Event-based Background-Oriented Schlieren

  • paper_url: http://arxiv.org/abs/2311.00434
  • repo_url: https://github.com/tub-rip/event_based_bos
  • paper_authors: Shintaro Shiba, Friedhelm Hamann, Yoshimitsu Aoki, Guillermo Gallego
  • For: This paper is written to explore the use of event cameras for schlieren imaging, a technique used to observe the flow of transparent media such as air or water.* Methods: The paper uses a novel technique that combines event data and frames to perceive air convection, and formulates the problem as a variational optimization problem.* Results: The proposed method is shown to obtain on par results with existing frame-based optical flow techniques, and works under dark conditions where frame-based schlieren fails. Additionally, the method enables slow-motion analysis.Here is the information in Simplified Chinese text:* For: 这篇论文是用来探索使用事件摄像机进行斜扫图像技术,用于观察透明媒体如空气或水的流动。* Methods: 这篇论文使用了一种新的方法,将事件数据和帧数据结合起来感知空气循环,并将问题转化为一个可变优化问题。* Results: 提议的方法能够与现有的帧基于的光流计算机相比,并在黑暗条件下工作,而 frame-based 斜扫技术失败。此外,方法还可以进行慢动作分析。
    Abstract Schlieren imaging is an optical technique to observe the flow of transparent media, such as air or water, without any particle seeding. However, conventional frame-based techniques require both high spatial and temporal resolution cameras, which impose bright illumination and expensive computation limitations. Event cameras offer potential advantages (high dynamic range, high temporal resolution, and data efficiency) to overcome such limitations due to their bio-inspired sensing principle. This paper presents a novel technique for perceiving air convection using events and frames by providing the first theoretical analysis that connects event data and schlieren. We formulate the problem as a variational optimization one combining the linearized event generation model with a physically-motivated parameterization that estimates the temporal derivative of the air density. The experiments with accurately aligned frame- and event camera data reveal that the proposed method enables event cameras to obtain on par results with existing frame-based optical flow techniques. Moreover, the proposed method works under dark conditions where frame-based schlieren fails, and also enables slow-motion analysis by leveraging the event camera's advantages. Our work pioneers and opens a new stack of event camera applications, as we publish the source code as well as the first schlieren dataset with high-quality frame and event data. https://github.com/tub-rip/event_based_bos
    摘要 《Schlieren成像技术是一种用于观察透明媒体流动的光学技术,无需添加任何粒子杂料。然而,传统的帧基技术需要高分辨率和高时间分辨率的摄像机,这会带来严重的照明和计算限制。事件摄像机具有优势(高动态范围、高时间分辨率和数据效率),这些优势可以让我们超越传统的约束。本文提出了一种使用事件和帧来实现空气擦拂的观察方法,并提供了首次对事件数据和约束之间的连接的理论分析。我们将问题定义为一种变分优化问题,将线性化事件生成模型与物理上有理的参数化联合起来,以估计空气密度的时间导数。实验结果表明,我们提出的方法可以使事件摄像机与现有的帧基光学流动技术相当。此外,我们的方法在黑暗条件下也可以工作,并且可以利用事件摄像机的优势进行慢动作分析。我们的工作开启了新的事件摄像机应用领域,同时我们也发布了高质量帧和事件数据的首个Schlieren数据集。请参考我们的GitHub地址:https://github.com/tub-rip/event_based_bos。

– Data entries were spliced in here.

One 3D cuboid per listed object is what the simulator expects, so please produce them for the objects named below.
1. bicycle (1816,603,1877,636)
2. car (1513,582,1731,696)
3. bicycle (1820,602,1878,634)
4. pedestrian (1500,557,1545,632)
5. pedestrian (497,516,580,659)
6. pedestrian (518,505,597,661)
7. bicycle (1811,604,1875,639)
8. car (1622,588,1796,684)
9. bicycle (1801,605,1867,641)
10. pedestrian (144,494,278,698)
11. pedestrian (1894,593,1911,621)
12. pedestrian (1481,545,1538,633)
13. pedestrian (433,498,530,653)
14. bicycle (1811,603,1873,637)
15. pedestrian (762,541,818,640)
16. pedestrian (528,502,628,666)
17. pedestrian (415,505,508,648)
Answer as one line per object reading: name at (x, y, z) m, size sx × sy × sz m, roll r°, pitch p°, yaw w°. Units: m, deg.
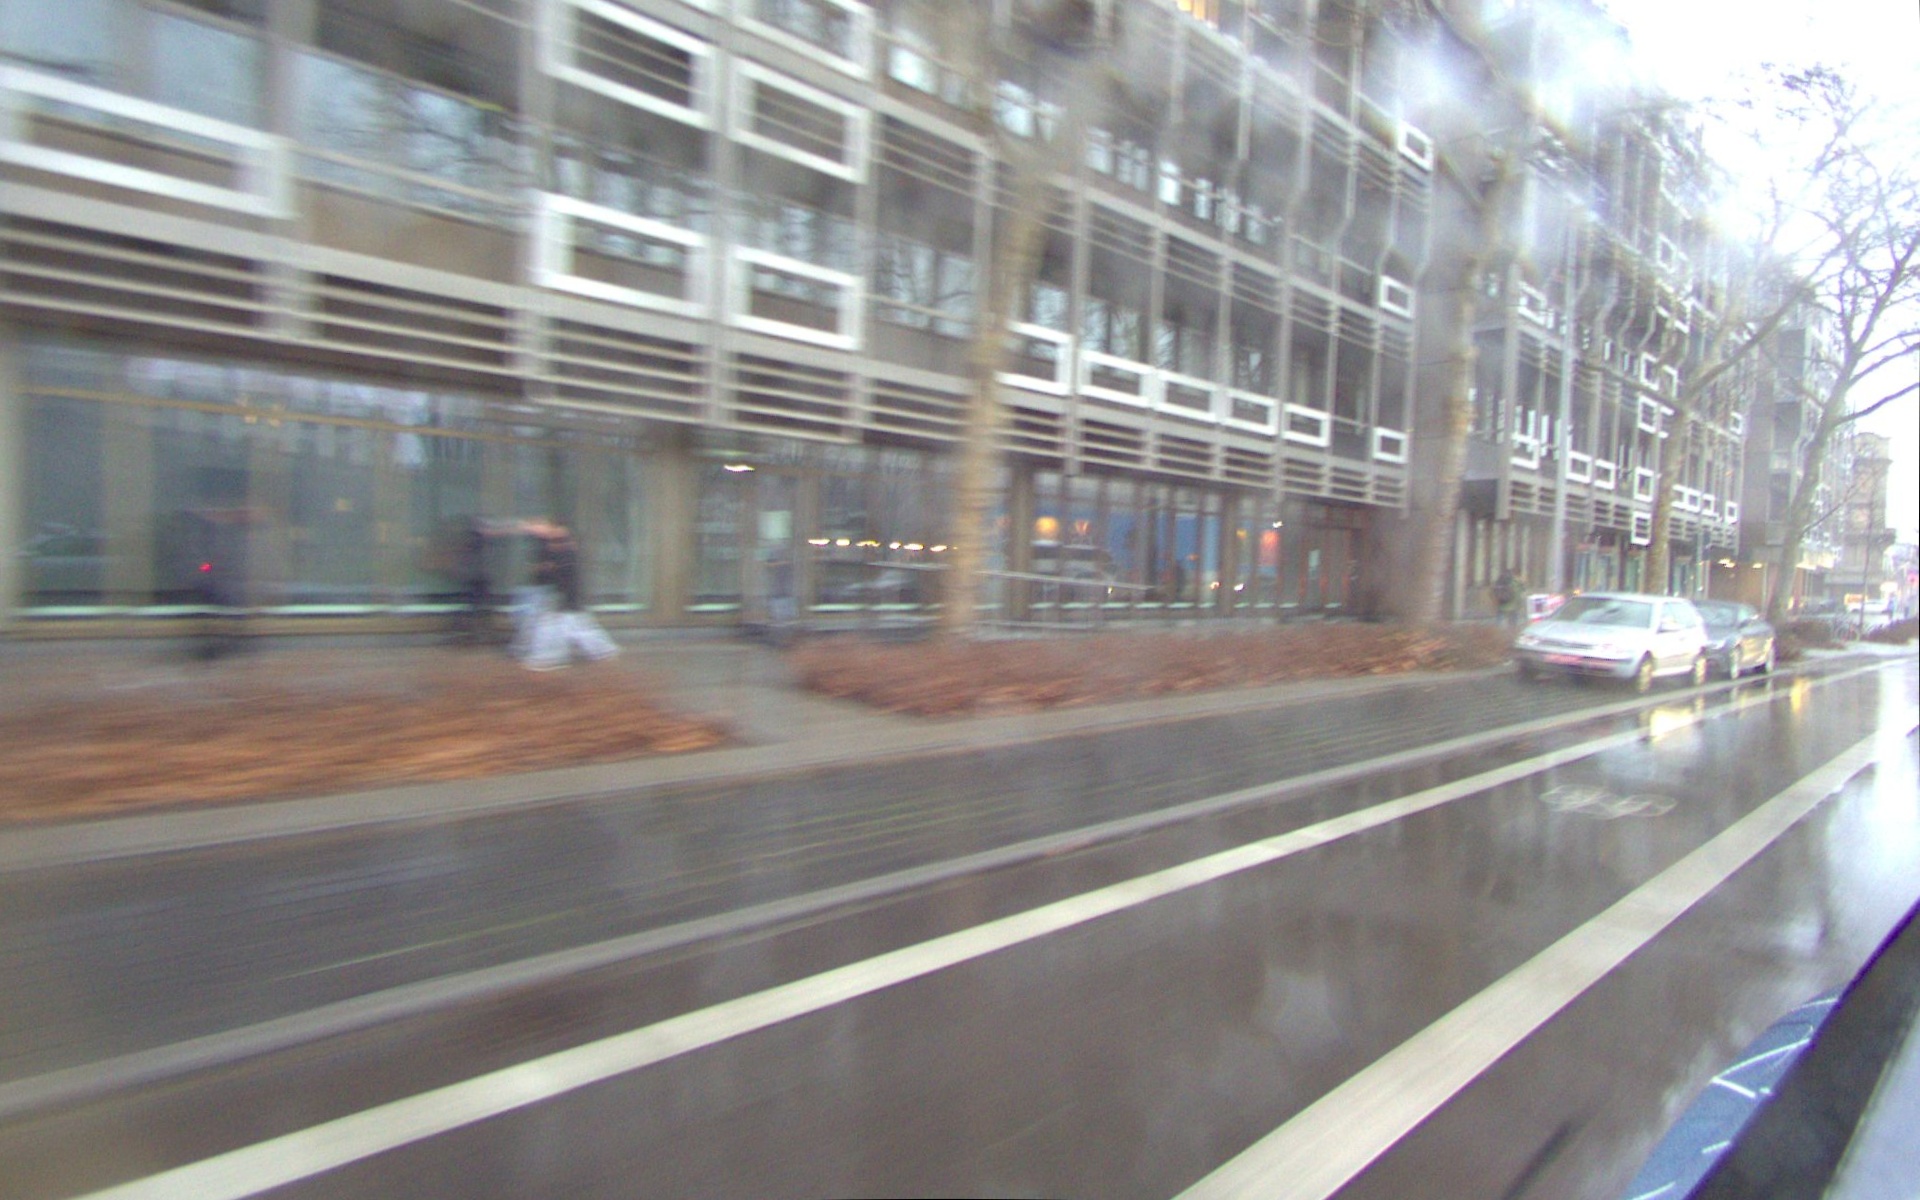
bicycle at (30.289, 0.642, 34.592) m, size 1.519 × 1.049 × 0.462 m, roll 2°, pitch 2°, yaw 44°
car at (10.477, 0.538, 15.927) m, size 3.858 × 1.449 × 1.610 m, roll 0°, pitch 5°, yaw -38°
bicycle at (31.416, 0.630, 35.779) m, size 1.519 × 1.049 × 0.462 m, roll 2°, pitch 2°, yaw 44°
pedestrian at (15.844, -0.157, 28.505) m, size 0.723 × 2.038 × 0.822 m, roll 1°, pitch 2°, yaw -41°
pedestrian at (-4.837, -0.151, 11.614) m, size 0.732 × 1.583 × 0.484 m, roll 1°, pitch 2°, yaw -41°
pedestrian at (-4.480, -0.190, 11.265) m, size 0.700 × 1.688 × 0.379 m, roll 1°, pitch 2°, yaw -39°
bicycle at (28.449, 0.684, 32.615) m, size 1.519 × 1.049 × 0.462 m, roll 2°, pitch 2°, yaw 44°
car at (14.405, 0.631, 19.384) m, size 3.948 × 1.567 × 1.764 m, roll 1°, pitch 3°, yaw -40°
bicycle at (27.241, 0.700, 31.546) m, size 1.519 × 1.049 × 0.462 m, roll 2°, pitch 2°, yaw 44°
pedestrian at (-6.091, -0.052, 8.223) m, size 0.823 × 1.542 × 0.866 m, roll 1°, pitch 2°, yaw -39°
pedestrian at (69.800, 0.532, 74.953) m, size 0.758 × 2.039 × 0.838 m, roll 0°, pitch 1°, yaw -40°
pedestrian at (13.138, -0.263, 24.207) m, size 1.006 × 2.038 × 0.791 m, roll 1°, pitch 2°, yaw -40°
pedestrian at (-5.616, -0.291, 11.873) m, size 0.829 × 1.739 × 0.659 m, roll 0°, pitch 3°, yaw -45°
bicycle at (29.281, 0.654, 33.621) m, size 1.519 × 1.049 × 0.462 m, roll 2°, pitch 2°, yaw 44°
pedestrian at (-2.505, -0.150, 14.862) m, size 0.700 × 1.406 × 0.565 m, roll 2°, pitch 2°, yaw -17°
pedestrian at (-4.109, -0.176, 10.903) m, size 0.857 × 1.688 × 0.501 m, roll 1°, pitch 2°, yaw -39°
pedestrian at (-6.049, -0.291, 12.292) m, size 0.829 × 1.675 × 0.640 m, roll 0°, pitch 3°, yaw -45°
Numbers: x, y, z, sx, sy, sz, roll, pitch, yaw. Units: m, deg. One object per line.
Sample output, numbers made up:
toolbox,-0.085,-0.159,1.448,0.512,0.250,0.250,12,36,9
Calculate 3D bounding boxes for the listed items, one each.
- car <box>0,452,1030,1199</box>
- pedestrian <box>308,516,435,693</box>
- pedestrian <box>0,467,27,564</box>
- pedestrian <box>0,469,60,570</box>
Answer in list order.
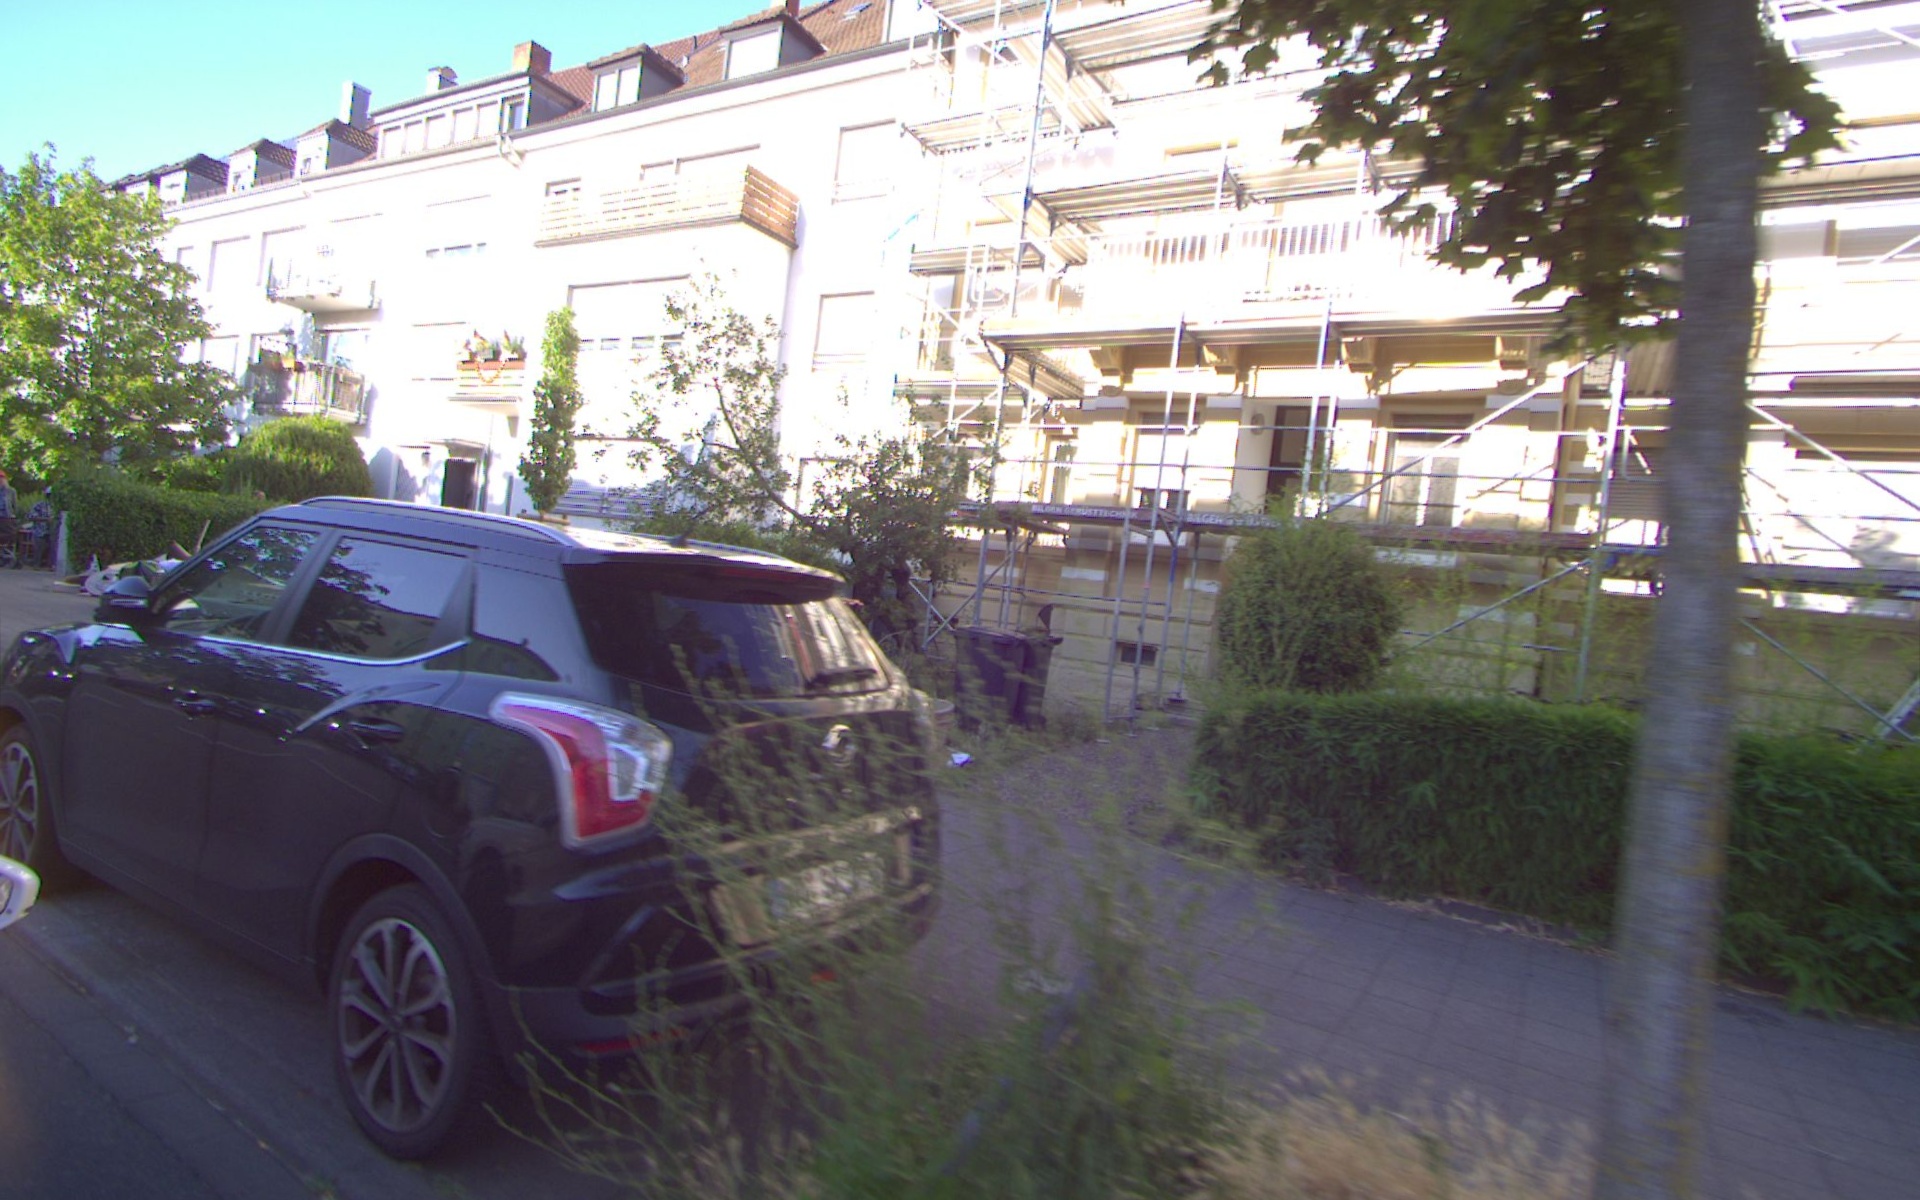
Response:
car,-1.974,0.457,3.844,3.962,1.653,1.793,7,2,31
pedestrian,-5.671,0.045,9.713,0.734,1.587,0.557,7,1,14
pedestrian,-17.471,-1.548,18.255,0.518,1.718,0.511,7,1,27
pedestrian,-16.688,-1.432,18.048,0.518,1.718,0.511,7,1,27
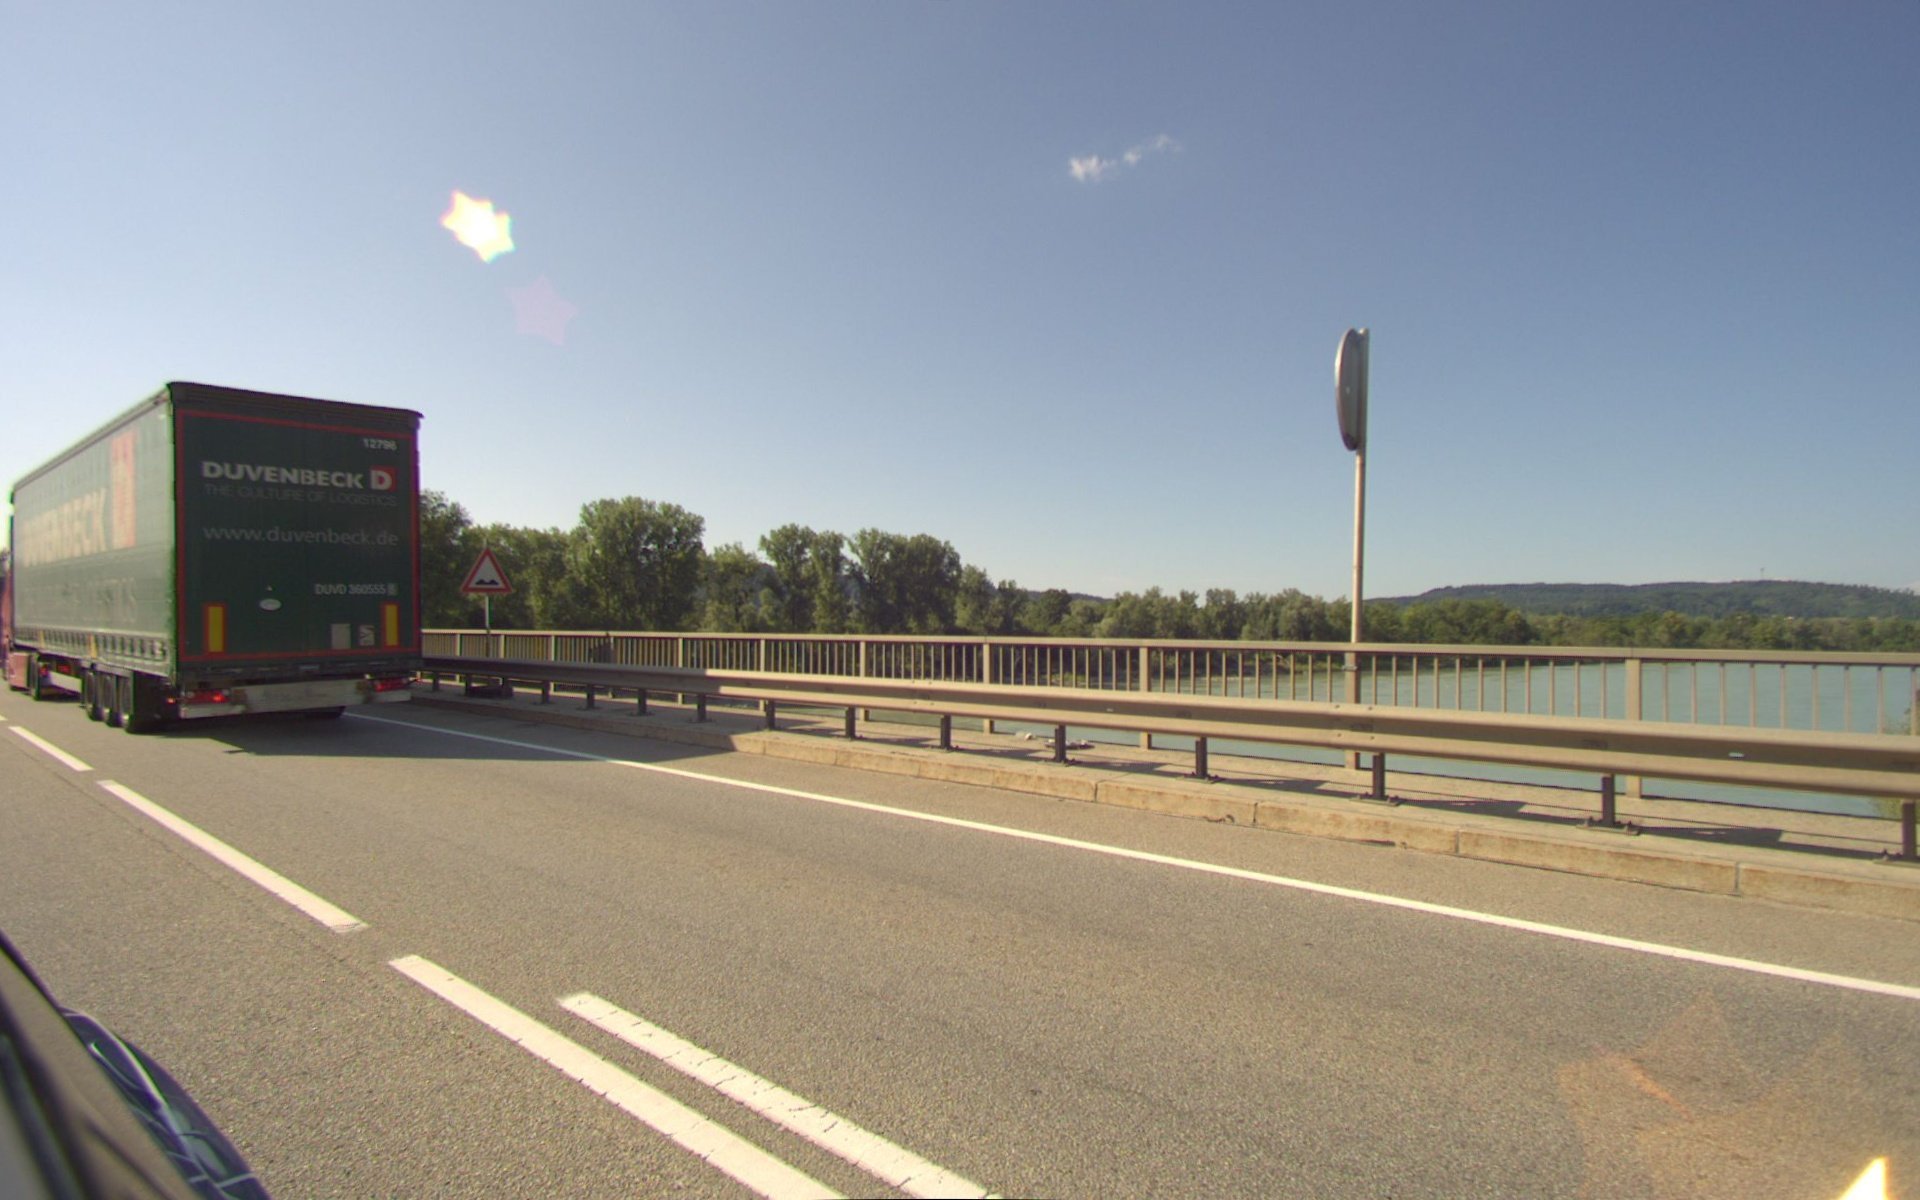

Feature-oriented Deep Learning Framework for Pulmonary Cone-beam CT (CBCT) Enhancement with Multi-task Customized Perceptual Loss

  • paper_url: http://arxiv.org/abs/2311.00412
  • repo_url: https://github.com/zhujiarui42/cfp-loss
  • paper_authors: Jiarui Zhu, Werxing Chen, Hongfei Sun, Shaohua Zhi, Jing Qin, Jing Cai, Ge Ren
    for: This paper aims to enhance the quality of cone-beam computed tomography (CBCT) images for cancer treatment planning by using a deep learning-based feature-oriented framework.methods: The proposed framework consists of two main components: a multi-task learning feature-selection network (MTFS-Net) and a CBCT-to-CT translation network guided by feature-to-feature perceptual loss. The MTFS-Net customizes a perceptual loss function, while the CBCT-to-CT translation network uses advanced generative models such as U-Net, GAN, and CycleGAN.results: The proposed framework can generate synthesized CT (sCT) images for the lung that have a high similarity to CT images, with an average SSIM index of 0.9869 and an average PSNR index of 39.9621. The sCT images also exhibit visually pleasing performance with effective artifacts suppression, noise reduction, and distinctive anatomical details preservation. The proposed framework outperforms state-of-the-art models for pulmonary CBCT enhancement.
    Abstract Cone-beam computed tomography (CBCT) is routinely collected during image-guided radiation therapy (IGRT) to provide updated patient anatomy information for cancer treatments. However, CBCT images often suffer from streaking artifacts and noise caused by under-rate sampling projections and low-dose exposure, resulting in low clarity and information loss. While recent deep learning-based CBCT enhancement methods have shown promising results in suppressing artifacts, they have limited performance on preserving anatomical details since conventional pixel-to-pixel loss functions are incapable of describing detailed anatomy. To address this issue, we propose a novel feature-oriented deep learning framework that translates low-quality CBCT images into high-quality CT-like imaging via a multi-task customized feature-to-feature perceptual loss function. The framework comprises two main components: a multi-task learning feature-selection network(MTFS-Net) for customizing the perceptual loss function; and a CBCT-to-CT translation network guided by feature-to-feature perceptual loss, which uses advanced generative models such as U-Net, GAN and CycleGAN. Our experiments showed that the proposed framework can generate synthesized CT (sCT) images for the lung that achieved a high similarity to CT images, with an average SSIM index of 0.9869 and an average PSNR index of 39.9621. The sCT images also achieved visually pleasing performance with effective artifacts suppression, noise reduction, and distinctive anatomical details preservation. Our experiment results indicate that the proposed framework outperforms the state-of-the-art models for pulmonary CBCT enhancement. This framework holds great promise for generating high-quality anatomical imaging from CBCT that is suitable for various clinical applications.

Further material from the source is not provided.